Ana Menü

Şiirlerimiz

Başlatan Simurg, Şubat 06, 2007, 17:44:16

0 Üyeler ve 3 Ziyaretçi konuyu incelemekte.

Simurg

Ben Orada Sen Burada   

Ben orada öldüm en çok orada bilmezsin
Orada zaman buruşmuş bir eski resimdi
Orada sen yoktun, gözlerin belli belirsiz
Koptum oradan, bir kırık heykelim şimdi

Bir kolum derin denizlerde tek başına
Ayaklarım çöllerde kum tepelerinde gömülü
Alıp götürür saçlarımı bir soğuk rüzgâr
Ben orada öldüm, en çok orada bir başka türlü

Hiç bende değilsin, burada yoksun ki
Orada var mısın, ya da ben yok muyum
Tek değiliz seninle, bütün olmadık hiç
Şimdi nerdeyiz nasılız bilmiyorum

Orada akşamlar daha çok serin
Ben bu kadar değilim, bu kadar yıkık
Sarhoşum, kederliyim, yoksulum, sensizim
Orası sisler içinde orası karanlık.

Bensiz olduğun yerde değil mi en güzelsin
Bensiz olduğun yerde söyle şarkılarını aşkın
Bir mermeri al, yont, şekil ver ona benden
Bir günah işlercesine sessiz ve dalgın

En iyisi sen burada kal, hep burada
Ellerinle kal, dudaklarınla, gözlerinle
Tut ki bütün renkler senin mavi kırmızı
Burada her şey sen nasıl istersen öyle

Bir büyük ayna duvarlar çok büyük
Orayı düşünme hiç burada soyun
Utandır duvarları pencereleri, kapıları
İki yalnızız şimdi anlıyor musun

Var sandığın sen sen değilsin bir başkası
Benim anlasana benim o yok dediğin
Sabahları bir serin havayım içine dolan
Benim akşamları pencerende beklediğin

Hiçbir şey bilmiyorum, sen anlıyorsun
Senin bilmediklerini anladığım gibi
Güzel, parmaklarının değdiği bir şey
Sensizlikler içinde seninle olmak iyi

Orada bulutlar yağıyor paramparça
Orada ağlayan dağlardır göğe en yakın
Orada sen yoksun, orada bir şey yok
Orada kan ve ölüm, orada yangın

BEŞİKTAŞK



Kahrolsun uyuyunca geçmeyen bazı şeyler..

Simurg

Her güneş doğuşunda
Her güneş batışında
Seni anarım
Her gece ay ışığında
Senin için ağlarım
Her gün seni beklerim
Buluştuğumuz sessiz ve ıssız yerde
Bir gün geri dönersin diye
Saklıyorum sevgini yüreğimde
Bir gün geri dönersin diye
Gözyaşlarımı silmedim hala
Bir gün gelip görürsün diye
O zaman anlayacaksın
Ve sen de ağlayacaksın
Bu büyük sevgimi gördüğünde
İşte o zaman ben gideceğim
Ardıma bile bakmadan
Bekleyeceğim seni
Cennete gelirsin diye


BEŞİKTAŞK



Kahrolsun uyuyunca geçmeyen bazı şeyler..

Simurg

Bir anlık bir bakışla öyle yara açtın ki,
Mızrak yarası gibi geliverdi anında.
Seni gören gözlere öyle ışık saçtın ki;
Güneşin parıltısı sönük kaldı yanında!

Önüne geçilmiyor ferman gibi sözüne,
Seni sevip kaybeden inan ölümü tatmış.
Sen: Güzeller-güzeli tanrım senin gözüne ;
Yalnız Safir'den değil Zümrüt'ten de renk katmış.

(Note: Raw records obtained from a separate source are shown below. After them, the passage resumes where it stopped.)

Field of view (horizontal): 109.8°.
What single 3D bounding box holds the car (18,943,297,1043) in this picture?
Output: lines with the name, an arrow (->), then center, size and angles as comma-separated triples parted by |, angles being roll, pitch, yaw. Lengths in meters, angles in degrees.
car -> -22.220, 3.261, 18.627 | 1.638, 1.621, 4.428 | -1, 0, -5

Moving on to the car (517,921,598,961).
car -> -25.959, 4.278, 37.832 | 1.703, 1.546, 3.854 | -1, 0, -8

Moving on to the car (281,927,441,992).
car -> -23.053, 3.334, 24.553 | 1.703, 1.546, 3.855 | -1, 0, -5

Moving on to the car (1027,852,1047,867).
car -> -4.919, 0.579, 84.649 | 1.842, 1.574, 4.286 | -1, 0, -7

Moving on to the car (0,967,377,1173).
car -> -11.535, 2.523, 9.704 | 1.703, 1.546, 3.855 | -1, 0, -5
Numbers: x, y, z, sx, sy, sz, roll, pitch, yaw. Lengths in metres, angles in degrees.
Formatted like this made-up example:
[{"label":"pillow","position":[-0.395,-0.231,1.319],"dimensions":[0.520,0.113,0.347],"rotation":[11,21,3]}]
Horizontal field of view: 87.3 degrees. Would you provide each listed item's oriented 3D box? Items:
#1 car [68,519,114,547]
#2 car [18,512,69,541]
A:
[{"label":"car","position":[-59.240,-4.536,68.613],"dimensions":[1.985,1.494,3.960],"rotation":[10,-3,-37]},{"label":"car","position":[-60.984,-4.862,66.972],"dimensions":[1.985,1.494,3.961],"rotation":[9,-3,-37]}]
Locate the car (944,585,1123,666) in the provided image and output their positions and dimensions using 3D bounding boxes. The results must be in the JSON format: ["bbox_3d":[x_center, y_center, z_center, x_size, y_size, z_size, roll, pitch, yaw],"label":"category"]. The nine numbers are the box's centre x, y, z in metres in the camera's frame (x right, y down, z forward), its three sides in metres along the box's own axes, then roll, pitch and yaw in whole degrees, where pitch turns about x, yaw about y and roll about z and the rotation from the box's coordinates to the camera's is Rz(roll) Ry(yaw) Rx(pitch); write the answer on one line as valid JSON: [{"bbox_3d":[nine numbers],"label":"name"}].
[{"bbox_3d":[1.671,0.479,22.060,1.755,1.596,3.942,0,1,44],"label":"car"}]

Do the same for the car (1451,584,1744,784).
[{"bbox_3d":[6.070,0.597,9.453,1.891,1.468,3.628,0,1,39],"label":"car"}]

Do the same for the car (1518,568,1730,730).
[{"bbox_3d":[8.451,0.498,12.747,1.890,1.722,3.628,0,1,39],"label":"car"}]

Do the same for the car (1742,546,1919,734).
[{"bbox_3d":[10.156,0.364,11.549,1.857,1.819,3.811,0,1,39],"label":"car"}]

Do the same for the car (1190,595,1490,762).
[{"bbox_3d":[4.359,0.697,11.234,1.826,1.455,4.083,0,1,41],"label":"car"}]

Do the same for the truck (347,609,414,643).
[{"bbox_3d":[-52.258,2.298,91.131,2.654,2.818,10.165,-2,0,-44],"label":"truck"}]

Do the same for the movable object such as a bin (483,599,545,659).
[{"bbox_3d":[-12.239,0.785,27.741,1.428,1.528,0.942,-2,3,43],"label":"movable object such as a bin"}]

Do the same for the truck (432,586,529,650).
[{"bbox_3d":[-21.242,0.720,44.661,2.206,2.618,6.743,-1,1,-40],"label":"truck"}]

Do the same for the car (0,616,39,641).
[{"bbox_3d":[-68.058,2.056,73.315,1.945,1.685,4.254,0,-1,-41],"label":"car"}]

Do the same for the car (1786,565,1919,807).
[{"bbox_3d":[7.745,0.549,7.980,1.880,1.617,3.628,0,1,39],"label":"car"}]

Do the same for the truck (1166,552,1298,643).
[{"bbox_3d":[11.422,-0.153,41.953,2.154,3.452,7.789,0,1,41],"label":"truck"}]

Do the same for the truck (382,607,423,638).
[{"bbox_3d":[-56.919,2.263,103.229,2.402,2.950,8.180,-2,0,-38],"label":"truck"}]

Bir anlık gelip geçen hayal gibi akışın,
Çölde serap gibisin ne yapsam tutulmuyor.
Ceylan'larda bile yok o gizemli bakışın;
Sana özgü o gözler asla unutulmuyor !

Ey ! Güzeller-güzeli sen buradan giderken,
Dört-bir yanımı hemen hasretin sardı senin.
Gökkuşağı mavisi yeşil tona dönerken :
Aldığı renge benzer gözlerin vardı senin !...

BEŞİKTAŞK



Kahrolsun uyuyunca geçmeyen bazı şeyler..

Simurg

BENİ TANIMADIN MI   
   
Gizli sevda okuyla kalbin yönüne,
Battığın kişiyim ben tanımadın mı?
Bir kuru yaprak gibi rüzgar önüne,
Attığın kişiyim ben tanımadın mı?

Sana koştum ömrümce sevgimi anla.
Feda ettim kendimi , kendimi canla.
Bazan sevgi gösterip bazan isyanla;
Çattığın kişiyim ben tanımadın mı?

Kavuşmamız kaldı bir başka bahara,
Sevdan gizli kanayan kapanmaz yara.
Savurup kollarından başka diyara;
Attığın kişiyim ben tanımadın mı?

Senin itiverdiğin aşk denizine,
Aşk ateşi saldığın bet benizine,
Saçlarını okşarken senin dizine,
Yattığın kişiyim ben tanımadın mı ?

Demek bensiz yaşadın bahar-yazını,
Ben çekmiştim senin Bin-bir nazını...
Şiir yazarken sana gurur hazzını ,
Tattığın kişiyim ben tanımadın mı?

Seni öyle sevdim ki ben ölesiye...
Neden düştüm gözünden sevgilim niye?
''-Aşkıma köle olmuş ! Bir esir...'' diye
Sattığın kişiyim ben: Tanımadın mı ?


BEŞİKTAŞK



Kahrolsun uyuyunca geçmeyen bazı şeyler..

Simurg

gülümse gözlerini



gülümse gözlerini
parlasın ışığı gözbebeklerinin
koş güne
gir kavgaya
direncin sevdan olmalı
onurun hayata nedenin
alanları süsle sesinle
paylaş coşkusunu dağların
ve cesaretini bağır düşmana

gülümse gözlerini
kısma bir an bile
kimseler görmesin
kirpiklerinin birbirine değdiğini
böyle görmeli seni dost düşman
ve sen güç verip dosta
korku salmalısın
yüreğinin en karanlık yerine düşmanın

böyle var olabilirsin ancak
yaşadığına böyle inanabilirim
ve ancak
böyle sevebilirim seni

haydi durma
GÜLÜMSE GÖZLERİNİ

BEŞİKTAŞK



Kahrolsun uyuyunca geçmeyen bazı şeyler..

Simurg

SEVGİYE DESTAN   
   
Duydum ki Gökyüzünde, meleklere eş mişsin.
Titrek bir yıldız değil taçlı bir Güneş'mişsin.
Gökyüzün'de Dolunay yanında sönük kalmış,
Safir kendi rengini senin gözünden almış!
Seni bir defa gören, Mecnun diye gezermiş.
Yüreğinde ateşin, dünyasından bezermiş.
Ferhat olur dağları, senin için yararmış,
Gece-gündüz her yerde, yalnız seni ararmış.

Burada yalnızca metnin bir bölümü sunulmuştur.